Statement by Ambassador Hjálmar W. Hannesson Permanent Representative of Iceland to the United Nations.

This session of ECOSOC is important in many ways. It is important that we make the first Development Cooperation Forum a success. The timing of the themes makes it especially important. Our efforts for sustainable development are facing new multiple challenges posed by climate change, the food crisis and increased energy costs. The session is important because we are halfway towards the deadline for the Millennium Development Goals. It is therefore a good time for the new Development Cooperation Forum to take stock of the challenges ahead.

Last year’s Annual Ministerial Review emphasized the important role of the Council in reviewing the progress made in implementing the internationally agreed development goals, including the Millennium Development Goals. The AMR is a valuable contribution to ECOSOC’s work. We welcome the voluntary national presentations at this session and thank the respective Governments for their contribution to our work.

High food prices are a matter of extreme anxiety in many countries – a matter of life and death. As often in times of crisis, it is women, in particular mothers, who bear the brunt. They are in the front line in trying to feed families. In the long term we must look for sustainability. Our present food production and distribution systems are creaking under a massive increase in demand and added stress from climate change. We must look for solutions which are sustainable – quick fixes are not an option.

Increased productivity in food production is crucial. Markets alone can not resolve these crises. We are still at the initial stage of analyzing the problem. The UN´s role is important and we commend the Secretary General for his initiative and leadership.
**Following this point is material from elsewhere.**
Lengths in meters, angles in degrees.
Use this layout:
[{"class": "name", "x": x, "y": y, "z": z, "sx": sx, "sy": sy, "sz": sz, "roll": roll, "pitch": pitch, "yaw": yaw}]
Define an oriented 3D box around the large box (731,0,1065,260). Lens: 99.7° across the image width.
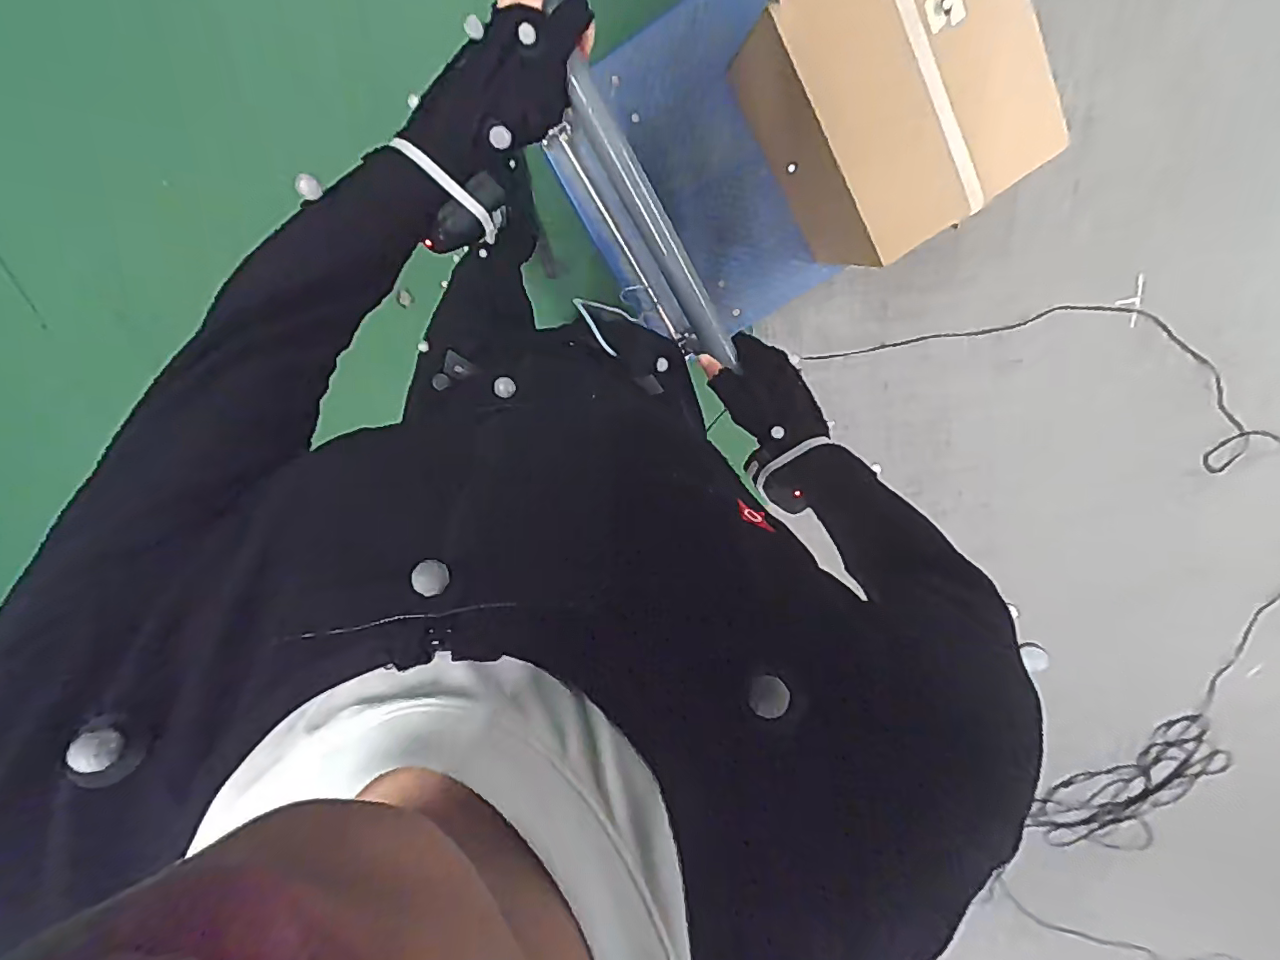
[{"class": "large box", "x": 0.401, "y": -0.637, "z": 0.909, "sx": 0.320, "sy": 0.320, "sz": 0.408, "roll": -31, "pitch": 110, "yaw": 11}]

Icelandis ready to do its part. The World Food Programme plays a crucial role in mobilizing responses to food emergencies. The Government of Iceland responded to the extraordinary appeal by the World Food Programme to meet emergency needs and will continue to monitor developments.

Gender equality and the active role of women in agriculture are also significant factors in fighting the food crises. The Icelandic International Development Agency (ICEIDA) has cooperated with its partner countries in promoting equal rights and active participation of women in the economy, thus strengthening local food security. We have also increased our support of the work of UNIFEM.

Vital to sustainable agriculture is the fight against land degradation and desertification, made worse by climate change. Iceland has over 100 years of experience in reclaiming land from erosion. We have concentrated on bringing together expertise from around the world through international conferences and we are aiming at launching a UN University programme on soil technology.

I would like to mention briefly the importance of sustainable fisheries. Ninety-five per cent of those who live from fisheries are in the developing world and a billion people depend on fisheries for their main intake of protein. With increased demand for food, it becomes more important than ever before to make sure that fishing is conducted in a sustainable manner.

The UN University Fisheries Training Programme in Iceland reflects our emphasis on the importance of providing training and sharing technology for sustainable fisheries, which can provide increased food supply for some of the poorest. The Icelandic International Development Agency (ICEIDA) has concentrated on capacity–building projects in the field of fisheries in southern Africa, Asia, and Central America.

Climate change and high energy prices are challenges that also call for urgent action. Many oil-importing developing countries, including Small Island Developing States, suffer the most as their economies are more oil-intensive and less able to get through the financial turmoil created by higher oil-import costs. Transformation of their energy systems is urgent.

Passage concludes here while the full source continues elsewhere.